Most people aren’t aware that there are roughly 100,000 international students in Ontario universities, and approximately the same number in the province’s colleges, according to Statistics Canada’s most recent available figures. They’re a diverse group of people, with varied needs, and they pay anywhere from three to five times the tuition that domestic students pay, so institutions have a strong incentive to expand their international enrollment.
This differential means that some of our international students come from affluent backgrounds in their own countries, and can live comfortably, even luxuriously, but others have come to Canada on government scholarships and programs, with the expectation that they will return home after earning their degrees, bringing the benefits of their training with them. There are also refugee students, sponsored by organizations like the World University Service of Canada; technically, they are Canadian Permanent Residents when they arrive, rather than international students, but they face many of the same challenges, while trying to build a new life in a strange country.
Regardless of their financial circumstances, students from other countries face issues of loneliness and isolation. Even those with ample means may discover that their social status at home doesn’t translate to privilege in Canada, while others struggle to make ends meet. Skyrocketing rents push students into cramped shared living arrangements, and in ordinary times, many are to be found more-or-less living in campus libraries – an option unavailable during the pandemic. Canadian winters often come as a shock, and familiar foods can be difficult to obtain, even in a city like Toronto. For students from more conservative societies, the comparatively relaxed mores of Canada can be profoundly destabilizing, and raise all sorts of questions about gender, sexuality, and other aspects of identity. And universities and colleges are not impervious to the pernicious currents of racism and xenophobia that have emerged in the wider society, often expressed via social media.

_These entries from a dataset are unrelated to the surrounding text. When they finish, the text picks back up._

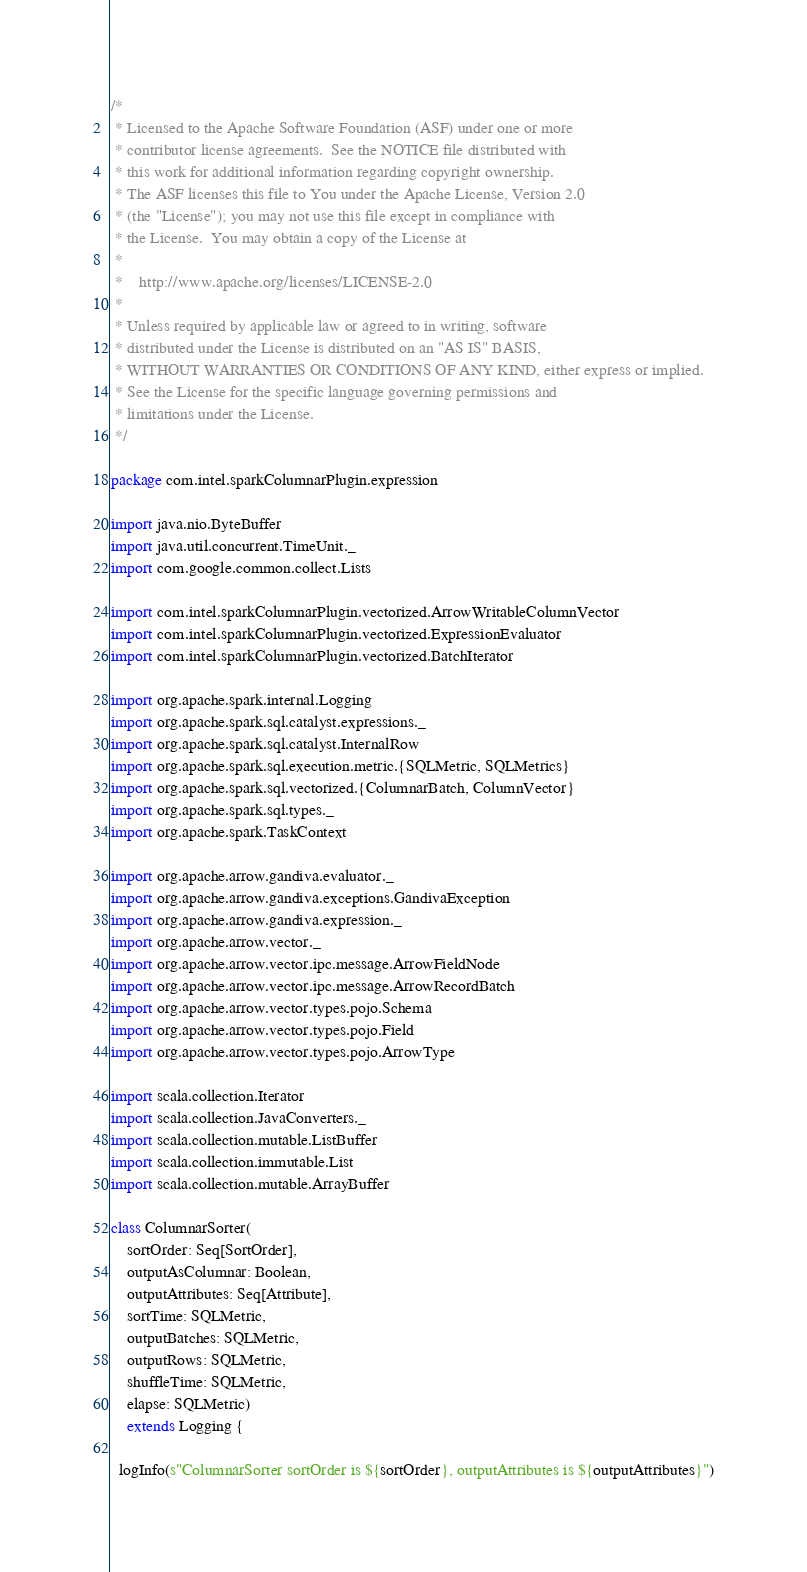<code> <loc_0><loc_0><loc_500><loc_500><_Scala_>/*
 * Licensed to the Apache Software Foundation (ASF) under one or more
 * contributor license agreements.  See the NOTICE file distributed with
 * this work for additional information regarding copyright ownership.
 * The ASF licenses this file to You under the Apache License, Version 2.0
 * (the "License"); you may not use this file except in compliance with
 * the License.  You may obtain a copy of the License at
 *
 *    http://www.apache.org/licenses/LICENSE-2.0
 *
 * Unless required by applicable law or agreed to in writing, software
 * distributed under the License is distributed on an "AS IS" BASIS,
 * WITHOUT WARRANTIES OR CONDITIONS OF ANY KIND, either express or implied.
 * See the License for the specific language governing permissions and
 * limitations under the License.
 */

package com.intel.sparkColumnarPlugin.expression

import java.nio.ByteBuffer
import java.util.concurrent.TimeUnit._
import com.google.common.collect.Lists

import com.intel.sparkColumnarPlugin.vectorized.ArrowWritableColumnVector
import com.intel.sparkColumnarPlugin.vectorized.ExpressionEvaluator
import com.intel.sparkColumnarPlugin.vectorized.BatchIterator

import org.apache.spark.internal.Logging
import org.apache.spark.sql.catalyst.expressions._
import org.apache.spark.sql.catalyst.InternalRow
import org.apache.spark.sql.execution.metric.{SQLMetric, SQLMetrics}
import org.apache.spark.sql.vectorized.{ColumnarBatch, ColumnVector}
import org.apache.spark.sql.types._
import org.apache.spark.TaskContext

import org.apache.arrow.gandiva.evaluator._
import org.apache.arrow.gandiva.exceptions.GandivaException
import org.apache.arrow.gandiva.expression._
import org.apache.arrow.vector._
import org.apache.arrow.vector.ipc.message.ArrowFieldNode
import org.apache.arrow.vector.ipc.message.ArrowRecordBatch
import org.apache.arrow.vector.types.pojo.Schema
import org.apache.arrow.vector.types.pojo.Field
import org.apache.arrow.vector.types.pojo.ArrowType

import scala.collection.Iterator
import scala.collection.JavaConverters._
import scala.collection.mutable.ListBuffer
import scala.collection.immutable.List
import scala.collection.mutable.ArrayBuffer

class ColumnarSorter(
    sortOrder: Seq[SortOrder],
    outputAsColumnar: Boolean,
    outputAttributes: Seq[Attribute],
    sortTime: SQLMetric,
    outputBatches: SQLMetric,
    outputRows: SQLMetric,
    shuffleTime: SQLMetric,
    elapse: SQLMetric)
    extends Logging {

  logInfo(s"ColumnarSorter sortOrder is ${sortOrder}, outputAttributes is ${outputAttributes}")</code>

Many international students live with extraordinary levels of anxiety. There is often enormous pressure on them to succeed academically. While overseas communication seems easier now than ever before, worries about family at home can still be crippling, whether because of illness, poverty, famine, or ongoing military conflict. The strain Ukrainian students are currently facing as they see their homeland being invaded in real time on all available media, for example, is something that cannot be fully comprehended by anyone who has never been in the same situation.

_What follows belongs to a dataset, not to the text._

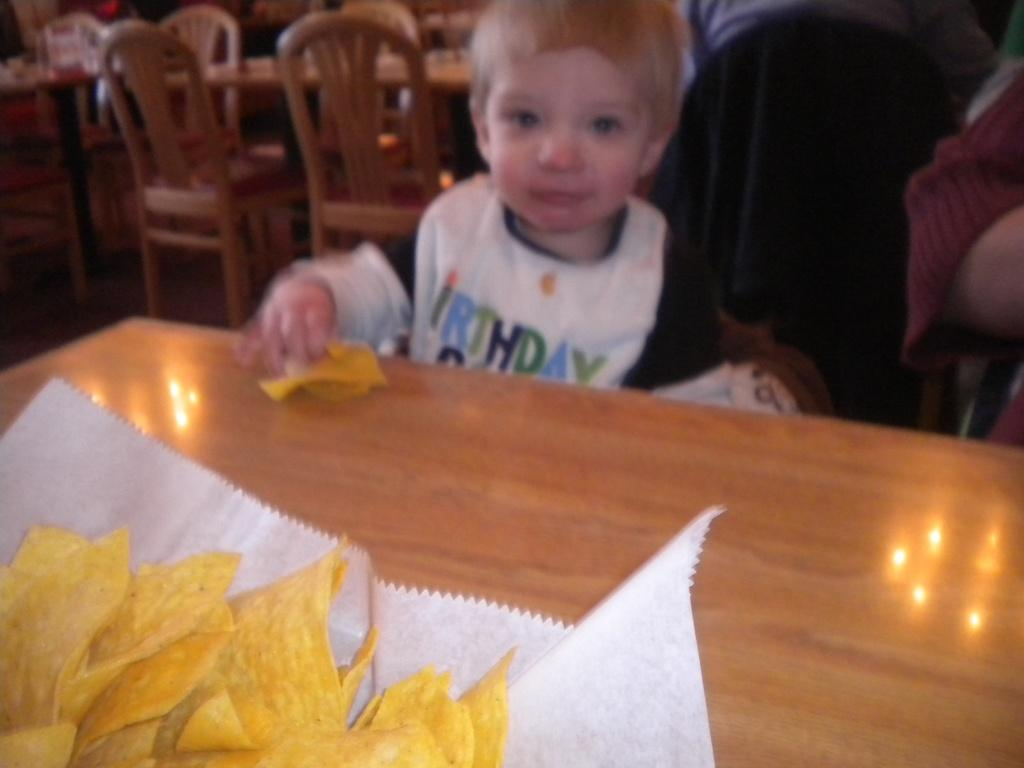Who is the main subject in the image? There is a little boy in the image. What is the little boy holding? The boy is holding chips. What else can be seen on the table in the image? There are chips on a tissue on the table. Can you describe the overall quality of the image? The image is blurred. What type of train is visible in the image? There is no train present in the image. What trade agreement is being discussed in the image? There is no discussion of trade agreements in the image.

Of course, institutions are aware of the strain under which their international students live, and many have developed safety nets: social gatherings with opportunities to meet others and form relationships (drastically reduced during COVID-19), counselling and mental health supports, financial aid, even on-campus food banks. These programs are, without question, crucial. Alongside the official, institutional supports, however, many students depend on more informal networks of relationship to survive and thrive. Student clubs can fulfill this role for some, although this option, too, has been less available during the past two years.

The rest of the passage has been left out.